◆ WHAT THE TASK ASKS ◆
Every entry that follows should be output exactly, and every image in it left out.
- - - - - - -
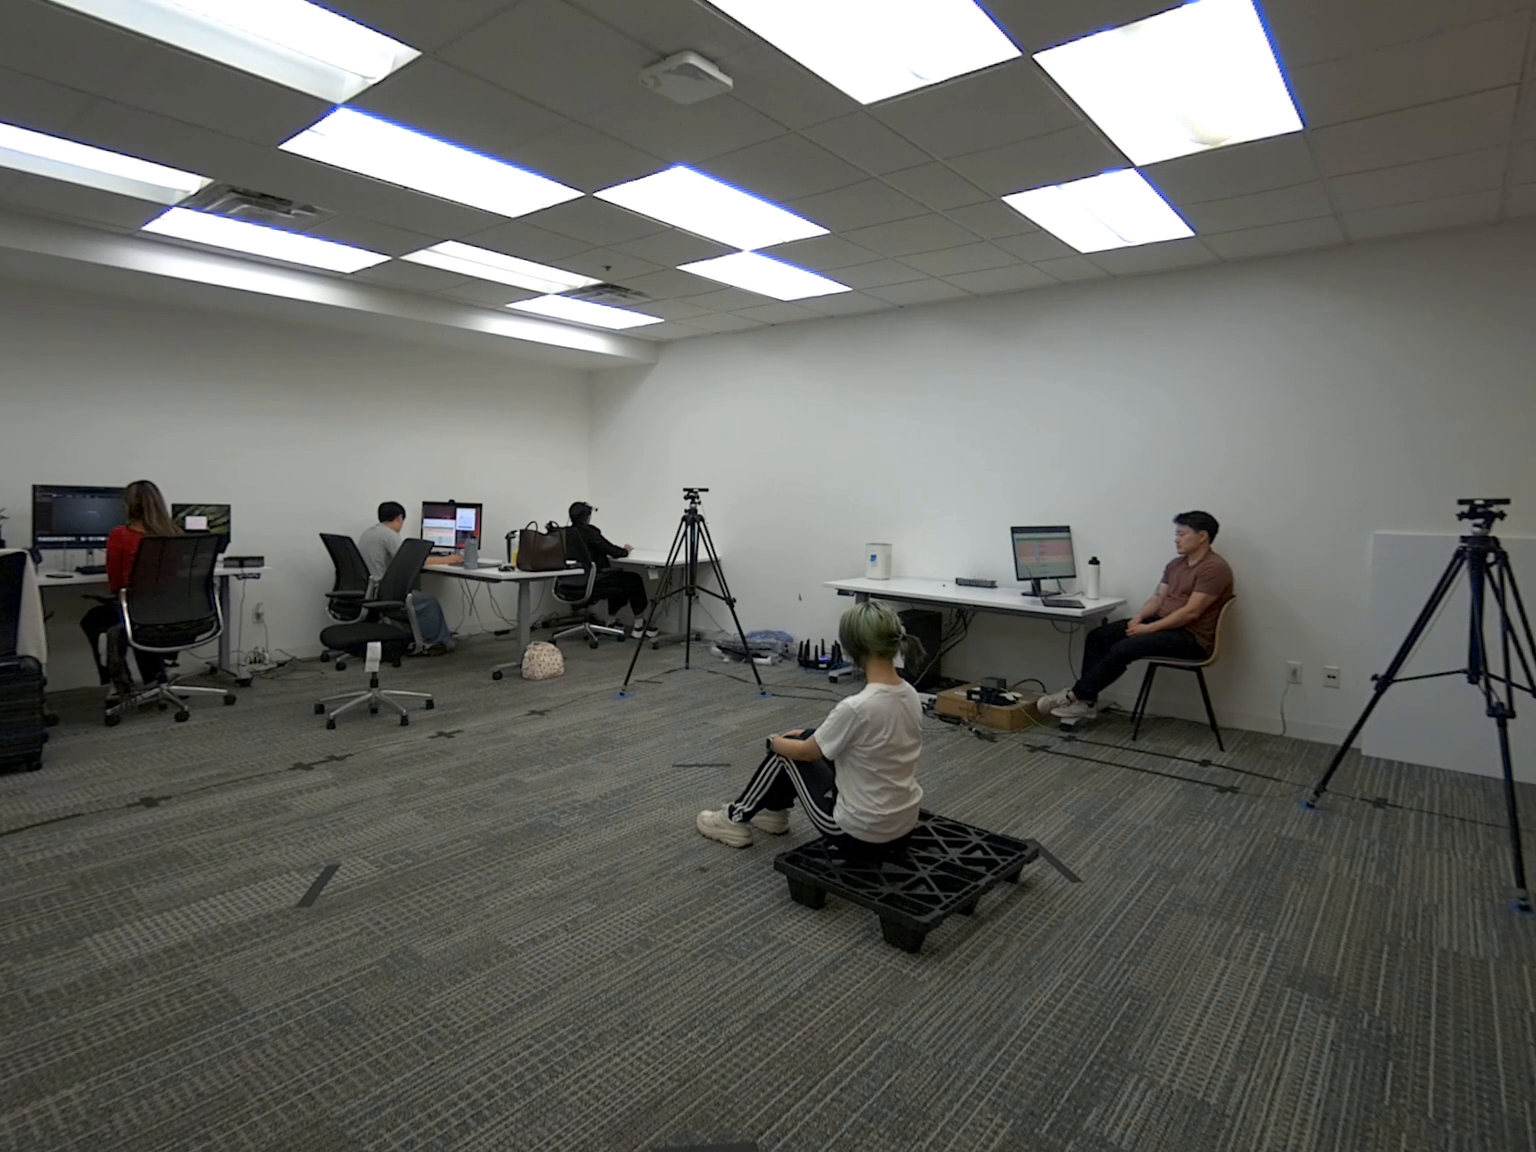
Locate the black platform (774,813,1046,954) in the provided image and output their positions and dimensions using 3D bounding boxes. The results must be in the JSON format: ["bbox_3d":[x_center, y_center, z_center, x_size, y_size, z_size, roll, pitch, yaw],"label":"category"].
[{"bbox_3d":[0.485,1.030,2.983,0.626,0.143,0.781,6,7,43],"label":"black platform"}]
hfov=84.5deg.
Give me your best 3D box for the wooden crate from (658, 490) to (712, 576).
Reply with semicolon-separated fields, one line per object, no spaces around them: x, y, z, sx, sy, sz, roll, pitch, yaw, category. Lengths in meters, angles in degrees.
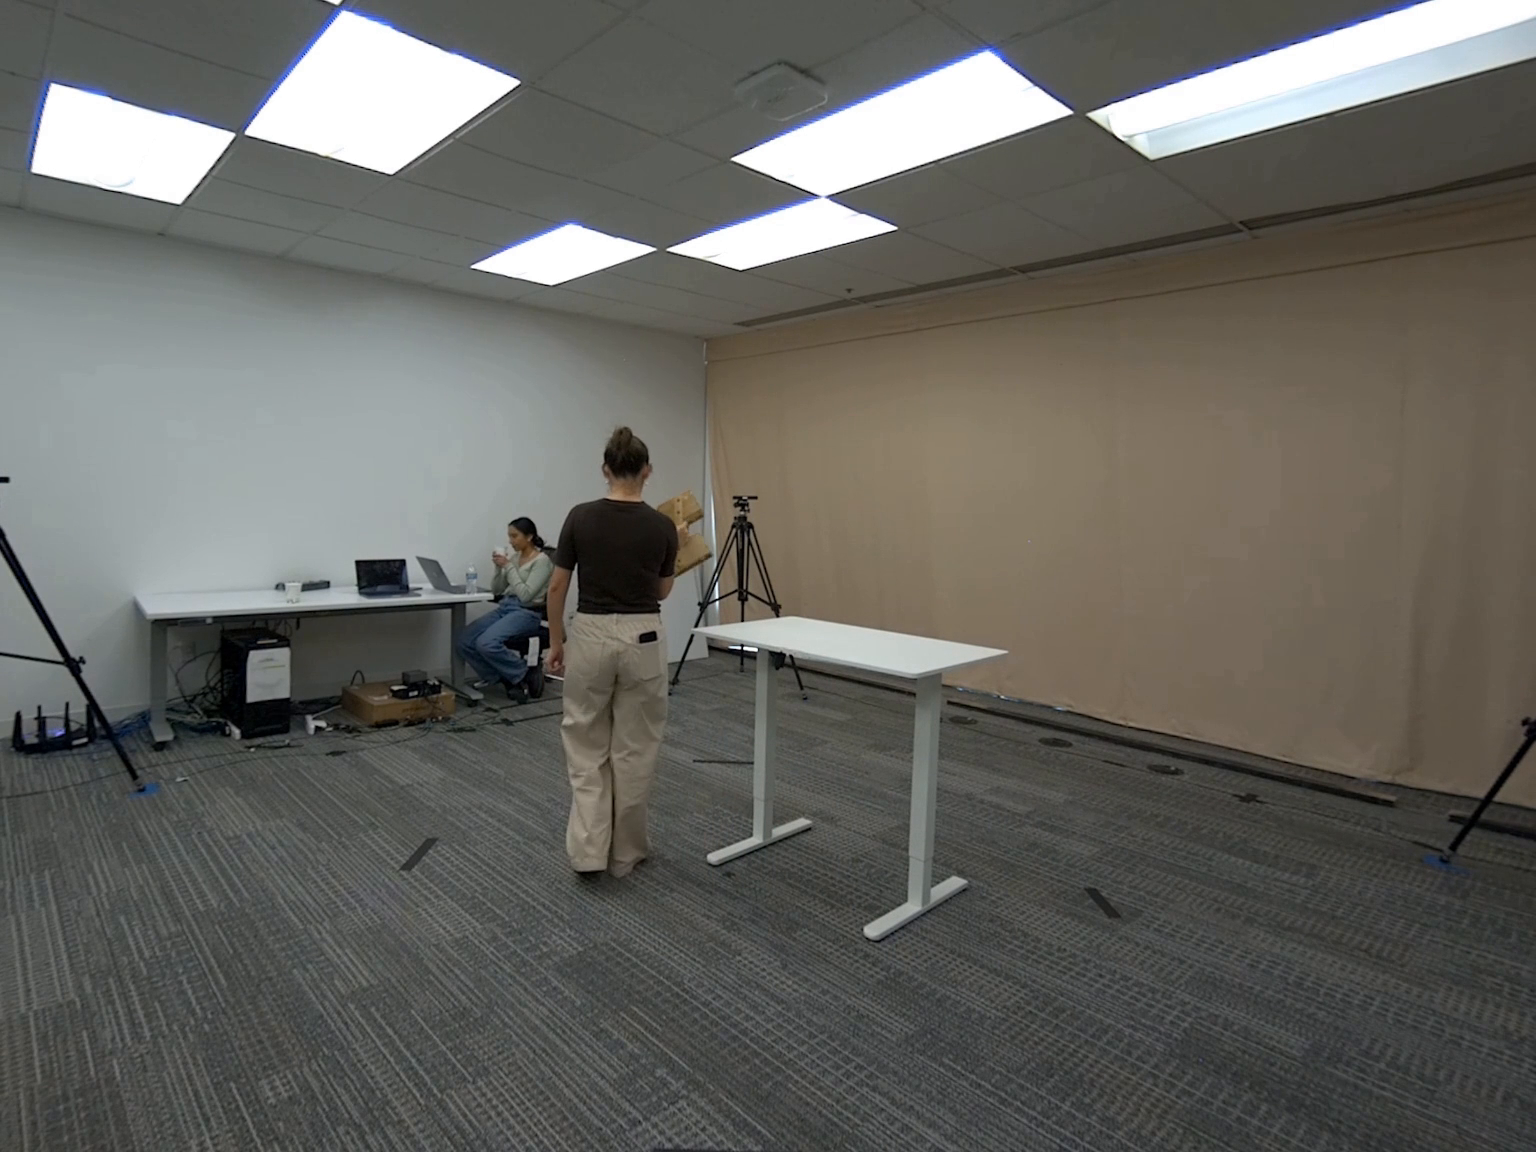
- - - - - - -
◆ TASK SOLUTION ◆
Locate the black platform (774,813,1046,954) in the provided image and output their positions and dimensions using 3D bounding boxes. The results must be in the JSON format: ["bbox_3d":[x_center, y_center, z_center, x_size, y_size, z_size, roll, pitch, yaw],"label":"category"].
[{"bbox_3d":[0.485,1.030,2.983,0.626,0.143,0.781,6,7,43],"label":"black platform"}]
hfov=84.5deg.
Give me your best 3D box for the wooden crate from (658, 490) to (712, 576).
Reply with semicolon-separated fields, one line per object, no spaces around them: x, y, z, sx, sy, sz, roll, pitch, yaw, category. Lengths in meters, angles in degrees.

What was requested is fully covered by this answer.